Tras escucharla, Xia Ran no sabía qué sentir. Parecía que debía ser así, pero a la vez parecía que no debía serlo.

"¿Tienes tiempo? Me gustaría contarte sobre los orígenes del niño."

Xia Ran quería decir que no, pero no pudo resistir su curiosidad.

"Iré a contárselo al abuelo."

"bien."

Mientras Gu Zheng observaba a Xia Ran darse la vuelta y entrar en la sala de estar, una leve sonrisa asomó en sus labios. Parecía que Xia Ran se estaba ablandando de verdad.

Cuando Xia Ran le dijo a su abuelo que iba a salir un rato, inevitablemente recibió otra mirada significativa de su parte.

Xia Ran tenía prisa por salir a ver qué pasaba con el niño, así que no se molestó en explicárselo a su abuelo.

Al igual que la vez anterior, Gu Zheng dejó la puerta abierta y la luz encendida. Cuando Xia Ran entró, temiendo que su abuelo o el niño pudieran venir, cerró la puerta tras de sí.

Sin embargo, Gu Zheng no estaba en la sala de estar.

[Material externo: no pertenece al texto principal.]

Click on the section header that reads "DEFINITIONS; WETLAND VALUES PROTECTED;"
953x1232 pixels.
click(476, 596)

Xia Ran echó un vistazo a su alrededor y oyó el sonido del agua proveniente del baño, así que Gu Zheng debía estar duchándose.

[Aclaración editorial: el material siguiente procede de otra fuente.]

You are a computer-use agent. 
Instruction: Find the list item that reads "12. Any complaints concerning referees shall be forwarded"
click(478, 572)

Xia Ran hizo una pausa y luego se sentó en el sofá. Observó la sala de estar y se dio cuenta de que había muy pocas cosas, solo algunos muebles. Parecía un hotel, sin vida alguna.

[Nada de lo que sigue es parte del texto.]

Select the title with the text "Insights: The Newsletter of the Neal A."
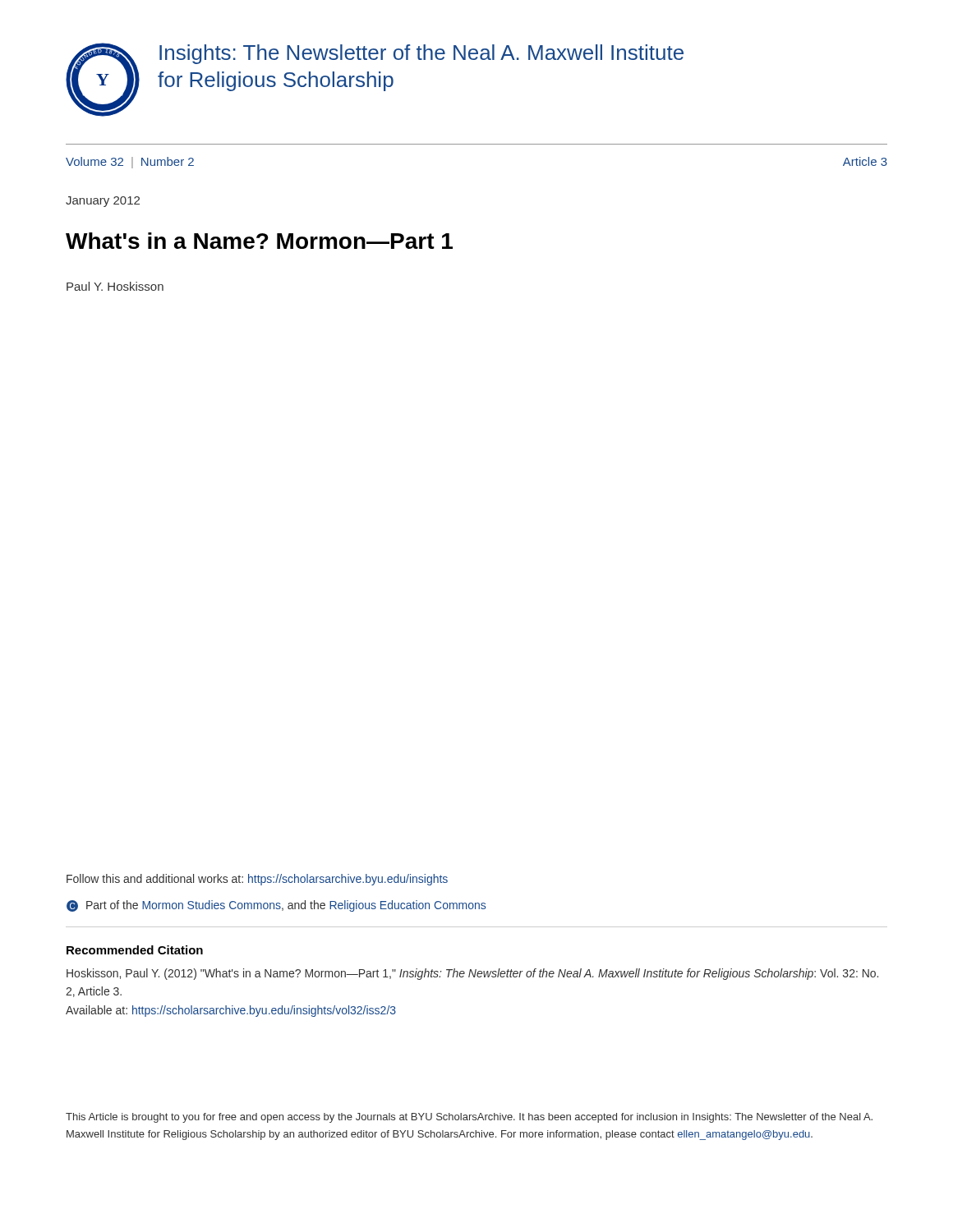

Se quedó sentado allí durante cinco minutos antes de que se abriera la puerta del baño. Xia Ran echó un vistazo instintivamente y vio salir a Gu Zheng con una bata de baño.

Gu Zheng también se había lavado el pelo, y aún le goteaba agua de la frente. Xia Ran vio claramente que los ojos de Gu Zheng se iluminaron al verlo.

Xia Ran se sintió un poco extraña, pero su expresión permaneció inalterable.

"Aran." Gu Zheng la llamó, y Xia Ran no quería responderle, pero asintió de todos modos.

Gu Zheng se sentó frente a Xia Ran. Ambos permanecieron en silencio, con Gu Zheng mirando fijamente a Xia Ran, lo que la hizo sentir algo incómoda.

"Adelante, dímelo, tengo que volver a cocinar más tarde."